Iran has brutally crushed protests before. This time could be different
Akhtar Makoii
After ruling Iran for 35 years, Ali Khamenei is quickly running out of options.
The 86-year-old religious leader faces his most serious challenge yet. Protesters chant “Death to Khamenei” instead of the regime’s traditional “Death to America” slogan.
Protests against him have entered their second week and have spread to 340 places in 31 provinces of Iran. At least 65 people have died as a result of the response to the demonstrations, and the death toll is expected to rise.
The rebellion has gripped the small, economically devastated cities in Iran’s poorest provinces that were supposed to form the regime’s base of support.
This is a significant difference from the 2009 Green Movement, which centered on Tehran, and the 2022 protests sparked by the death of 22-year-old Mahsa Amini, who was beaten to death by Iran’s “morality police” for not wearing a hijab.
Khamenei has always crushed the opposition with brute force, which was also successful in 2009 and 2019, when the protests were more geographically concentrated.
People in the capital and major cities are again angry at this new uprising, but the scale of the demonstrations in small, poor cities suggests an anger too great to be suppressed without thousands dying.
The regime has made it clear that demonstrators face the threat of execution or having military weapons turned against them.
However, the Ayatollah has doubts about the army and police’s intention to kill Iranians.
He reportedly handed over operational control to the fanatical Islamic Revolutionary Guard Corps (IRGC) on Friday; This brings to mind fears that traditional security forces may crumble if forced to shoot down their own people in mass killings.
This leaves him with dwindling options for stopping the protests, none of which guarantee the regime’s survival.
Khamenei may seek to ease tensions through meaningful reforms.
He could release political prisoners, allow free assembly and even call for a long-delayed referendum on the future of the Islamic Republic.
But the religious leader remains shackled by his own ideology. He spent decades consolidating his power around the principle of velayat-i faqih (wilayat of jurists)—the idea that religious rule is divinely ordained and unassailable.
Proposing a referendum on the legitimacy of the system would mean accepting that the system must be approved by the people and would undermine the theological basis of its authority.
Any significant concessions could also be interpreted as weakness and could potentially accelerate the uprising rather than calm it.
The middle path includes cosmetic changes such as removing Massoud Pezeshkian, the president or other officials, announcing economic reforms, promising investigations into murders, etc., while keeping the power structure intact.
This has worked before by buying time and dividing the opposition by appearing to respond to protesters’ grievances.

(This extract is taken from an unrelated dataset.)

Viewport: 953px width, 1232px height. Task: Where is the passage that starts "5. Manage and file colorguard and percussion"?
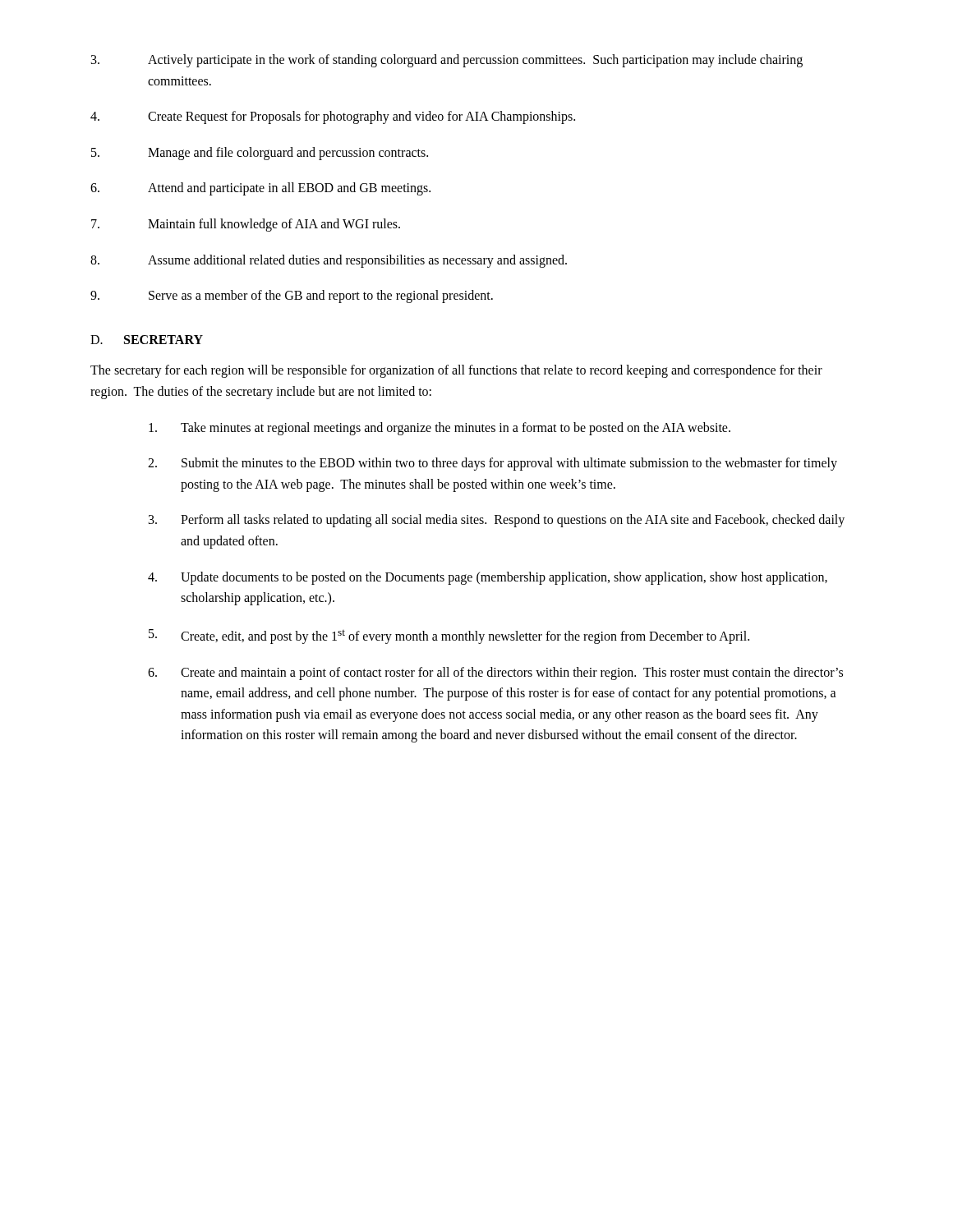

But this time the focus of anger is on the religious leader himself, making scapegoating his subordinates ineffective.
Rather than individual politicians being thrown under the bus, the protests began with traders striking over the currency collapse caused by regime policies and corruption.

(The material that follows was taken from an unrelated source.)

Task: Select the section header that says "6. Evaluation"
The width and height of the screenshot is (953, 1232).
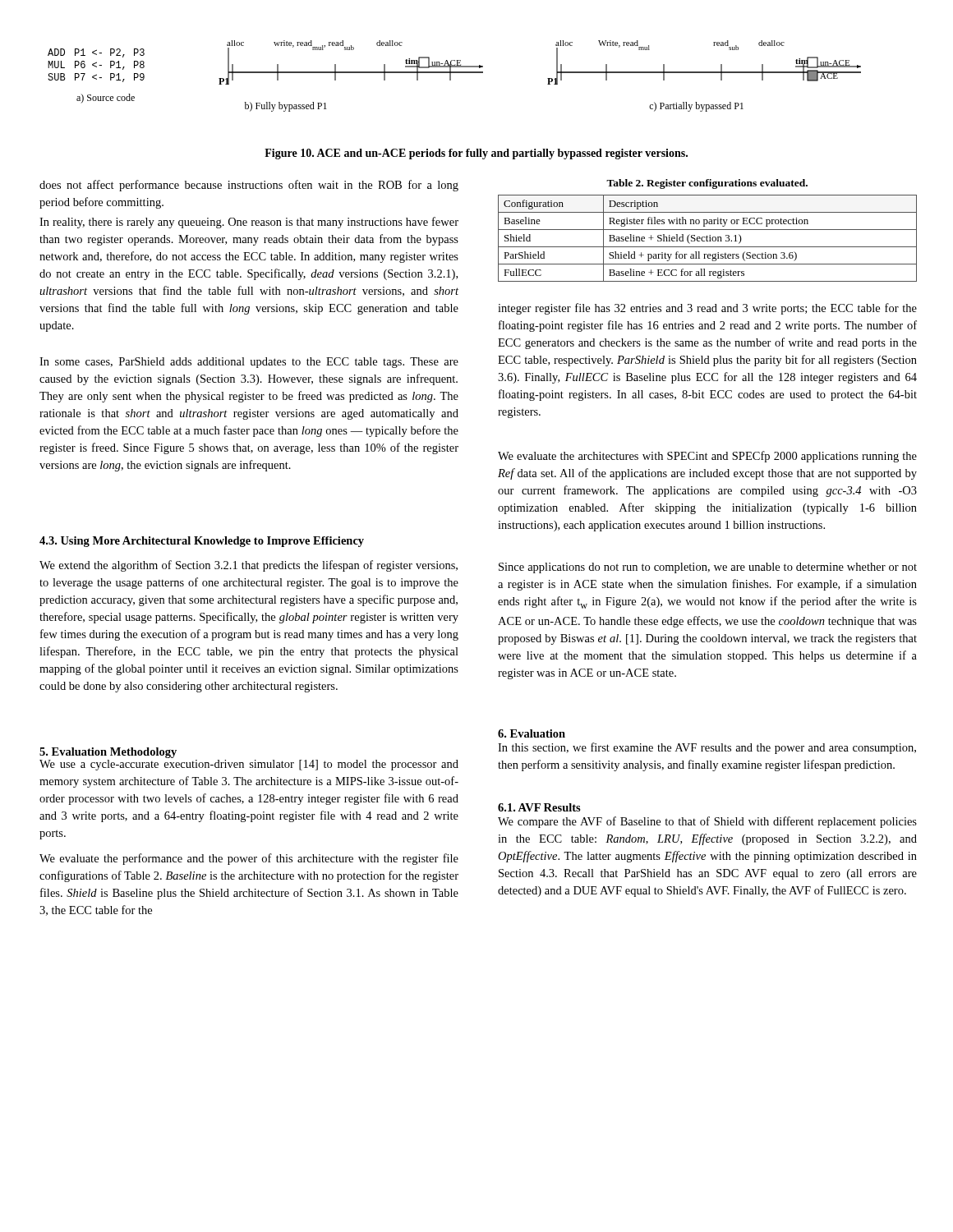Action: (x=707, y=734)

Ministerial changes are also unlikely to satisfy the anger that drives people to risk death at the hands of the Revolutionary Guard.
Instead of easing tensions at home, Khamenei may launch an offensive abroad to revive nationalist sentiment.
He could justify his crackdown as a wartime security measure, as he did during the 12-day war between Israel and Iran in June that left Iran’s military infrastructure severely damaged.
Iran’s participation in naval exercises with Russia and China could signal that an attack on US assets or Israel is on the agenda.
However, Iran’s military infrastructure was greatly damaged in the 12-day war. Donald Trump also made clear that US retaliation against Iran would be devastating.
As people protest the cheapness of bread, it seems unlikely that wartime patriotism will be enough to end the demonstrations.
Protesters’ slogans focus not on hatred of America or Israel, but on domestic failures: “Poverty, corruption, inflation. We go until we fall.”
It is highly unlikely that Khamenei will flee to Russia, as some deposed leaders in Syria, such as Bashar al-Assad, have done.
86 years old and ill, he is ideologically committed to defending the Islamic Republic. His entire adult life under the Shah, from imprisonment to high leadership, was defined by revolutionary commitment.
He sees himself as God’s representative on earth, making exile unthinkable.
Moreover, Russia, mired in war in Ukraine and economically struggling, may calculate that supporting a collapsing regime is not worth it. Khamenei’s dismissal in Moscow is a liability, not an asset.
The most dangerous path ahead for Khamenei is one he has reportedly considered before: racing to develop nuclear weapons.
Iran has maintained that its nuclear program is entirely civilian, but it has the technical capacity to enrich uranium to weapons level within weeks if Khamenei gives instructions.
This option carries catastrophic risks. Israel has made clear that it will launch military strikes, possibly with American support, to prevent Iran from obtaining nuclear weapons.
After years of economic mismanagement, tyranny and fanaticism, Khamenei is left with no good options.
The most likely path taken by the religious leader is one of escalating violence – mass arrests, show trials, executions, and overwhelming force deployed by the Revolutionary Guard.
But no matter what he does next, there is a risk that his regime will collapse or that violence will escalate so violently that it turns security forces against each other.